Fotograma de 'Hellboy' (2019)

José Antonio Luna

Hace 15 años que el Hellboy (2004) de Guillermo del Toro llegó al cine. El demonio rojo del director de El laberinto del fauno, basado en los cómics de Mike Mignola, se nos presentaba bajo un mundo de fantasía con estética steampunk en la que también había espacio para la reflexión y melancolía. Para unos personajes superheroicos poco tradicionales que rompían un cliché muy presente al comienzo de este milenio: el de que todo lo basado en las viñetas tenía que ser a la fuerza un relato cargado de golpes con poca sustancia narrativa.

Más de una década después, y con Del Toro asegurando que no se encargará de una tercera parte, llega a los cines otro Hellboy completamente opuesto al de entonces. Como el ying y el yang. Como el hijo bastardo de aquella idea. El demonio encarnado por Ron Perlman, pulcro y estilizado, ha sido reemplazado por un David Harbour (el jefe policía de Stranger Things) descuidado, melenudo y lleno de cicatrices. Además, su dirección ahora recae en Neil Marshall, encargado de varios episodios de Juego de tronos y cintas como Doomsday (2008) en la que las influencias de un genio del terror como Carpenter resultan más que evidentes.

Sería injusto, por tanto, abordar un análisis desde el punto de vista comparativo teniendo en cuenta que las pretensiones creativas de un director y otro son tan radicalmente contrarias. Es una práctica habitual cuando un producto cultural marca un punto de inflexión: el nuevo Batman no es tan bueno como el de Nolan o el mejor Superman es el de los 80 son solo algunas de las habituales marcas de referencia. Y no quiere decir que lo nuevo no deba ser criticado, sino que debería valorarse más como producto unitario que como la sucesión de una vieja gloria. Especialmente cuando, como en este caso, la propuesta es un giro de 180 grados.

Es quizá esta perspectiva comparativa la que ha provocado que casi todas las críticas de medios especializados hayan sido negativas.

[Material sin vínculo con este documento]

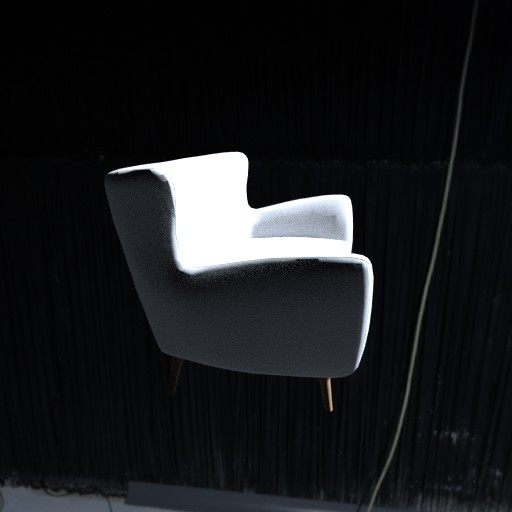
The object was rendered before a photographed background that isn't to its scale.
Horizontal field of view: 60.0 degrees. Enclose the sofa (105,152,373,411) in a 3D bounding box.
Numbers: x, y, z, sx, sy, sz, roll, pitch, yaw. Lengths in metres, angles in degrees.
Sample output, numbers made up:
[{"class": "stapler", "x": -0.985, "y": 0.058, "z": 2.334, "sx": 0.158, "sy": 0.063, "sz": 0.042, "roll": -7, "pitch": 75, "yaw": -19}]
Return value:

Donde Del Toro propone lírica, Marshall propone un concierto de heavy metal. Donde Del Toro presenta arte renacentista, Marshall presenta un viaje al barroco más oscuro. De hecho, aunque no siempre tienen el reconocimiento que merecerían, esta es una película donde el equipo de vestuario y maquillaje brilla en todo su esplendor. Solo basta un vistazo al personaje de Baba Yaga, una bruja deforme que acostumbra a alimentarse con sopa de niños muertos, para comprobar lo increíble de su caracterización. Ni un primer plano la arruina.

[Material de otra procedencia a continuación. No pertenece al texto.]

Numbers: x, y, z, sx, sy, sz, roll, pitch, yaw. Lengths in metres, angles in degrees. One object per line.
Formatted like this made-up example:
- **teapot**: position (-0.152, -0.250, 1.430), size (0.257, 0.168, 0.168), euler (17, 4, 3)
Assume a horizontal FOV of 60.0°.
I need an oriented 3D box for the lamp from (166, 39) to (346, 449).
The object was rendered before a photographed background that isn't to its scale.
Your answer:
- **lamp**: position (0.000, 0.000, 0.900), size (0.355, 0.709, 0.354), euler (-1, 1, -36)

Pero las pobres valoraciones de la prensa no han sido el único enemigo de este Hellboy. El demonio de Marshall llega a los cines envuelto por la polémica decisión de Vértice360, la distribuidora española, de optar por estrenar un montaje alternativo que suaviza el gore y la violencia. Según señalan en un artículo de Xataka, todo se resume en que la empresa eligió la versión más light de las dos que les ofrecían la productora Lions Gate. “Nosotros no hemos recortado nada, todo lo que se ha eliminado cuenta con la aprobación de productora y director”, señalan en el tema.

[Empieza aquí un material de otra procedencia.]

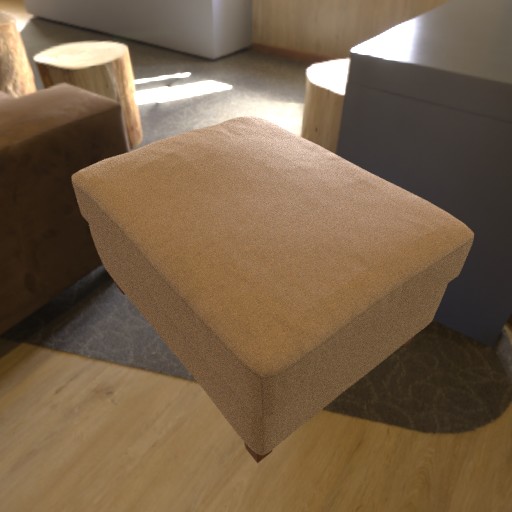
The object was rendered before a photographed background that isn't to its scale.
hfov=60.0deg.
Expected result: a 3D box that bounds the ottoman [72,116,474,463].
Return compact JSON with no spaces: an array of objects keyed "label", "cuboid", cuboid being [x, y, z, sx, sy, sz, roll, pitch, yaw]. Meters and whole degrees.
[{"label":"ottoman","cuboid":[0.000,0.000,1.295,0.692,0.511,0.902,-27,48,-28]}]

En teoría son solo sesenta segundos de diferencia entre el metraje A y el B, pero son suficientes para cambiar el ritmo y el significado narrativo de escenas previamente concebidas por Marshall. De esta manera, lo que inicialmente fue promocionado como un largo con calificación R (para mayores de 18 años), ha acabado llegando a España, a algunos países de Latinoamérica y a China bajo la etiqueta de mayores de 16 años. ¿La intención? Que el fracaso de taquilla en los cines norteamericanos no se repita en otras localizaciones.

Ya no aparecen planos detalles de desmembramientos ni sangre a borbotones. La mesura impregna incluso en momentos clave para la locura, como uno casi al final del filme que no vamos a revelar para evitar spoilers. Con esto no es que se esté perturbando el deseo de unos cuantos maníacos por ver la pantalla teñida de rojo. Afecta al ritmo de las escenas, a la espectacularidad y, lo más importante, a la libertad creativa de un director que ve su producto recortado para responder a intereses comerciales.

No importa que la versión light cuente con la “aprobación de productora y director” para que evitemos usar la palabra censura contra ella. Y puede Marshall haya dado su consentimiento, pero este permiso parece responder más a unas exigencias del mercado que a una perspectiva cultural del producto. La autocensura también existe.

Ahora bien, tampoco se puede caer en el boicot a Hellboy simplemente por pensar que sin sangre no es una película arriesgada ni provocativa. Ni los insultos ni las peinetas son la receta contra el conformismo de Disney. Es precisamente lo que ocurre con la serie de Netflix Love, Death & Robots, una antología de robots que cae en la demostración gratuita de violencia para demostrar que es un producto dirigido a adultos mientras que repite narrativas y mecánicas tan viejas como el género. Es decir: la censura de Hellboy es una decisión comercial muy reprochable desde el punto de vista creativo, pero tampoco debemos caer como fans en pensar que en el gore está la esencia de un producto.

Los demonios también lloran

El alma de Hellboy se encuentra debajo de su rojo y duro caparazón. El film de Marshall no habla solo de la humanidad enfrentándose a unos diablos que emergen del subsuelo. Presenta también la dicotomía interna de unas horribles criaturas que, a pesar de su aspecto, luchan por ganarse un hueco en el mundo lejos de las llamas del infierno.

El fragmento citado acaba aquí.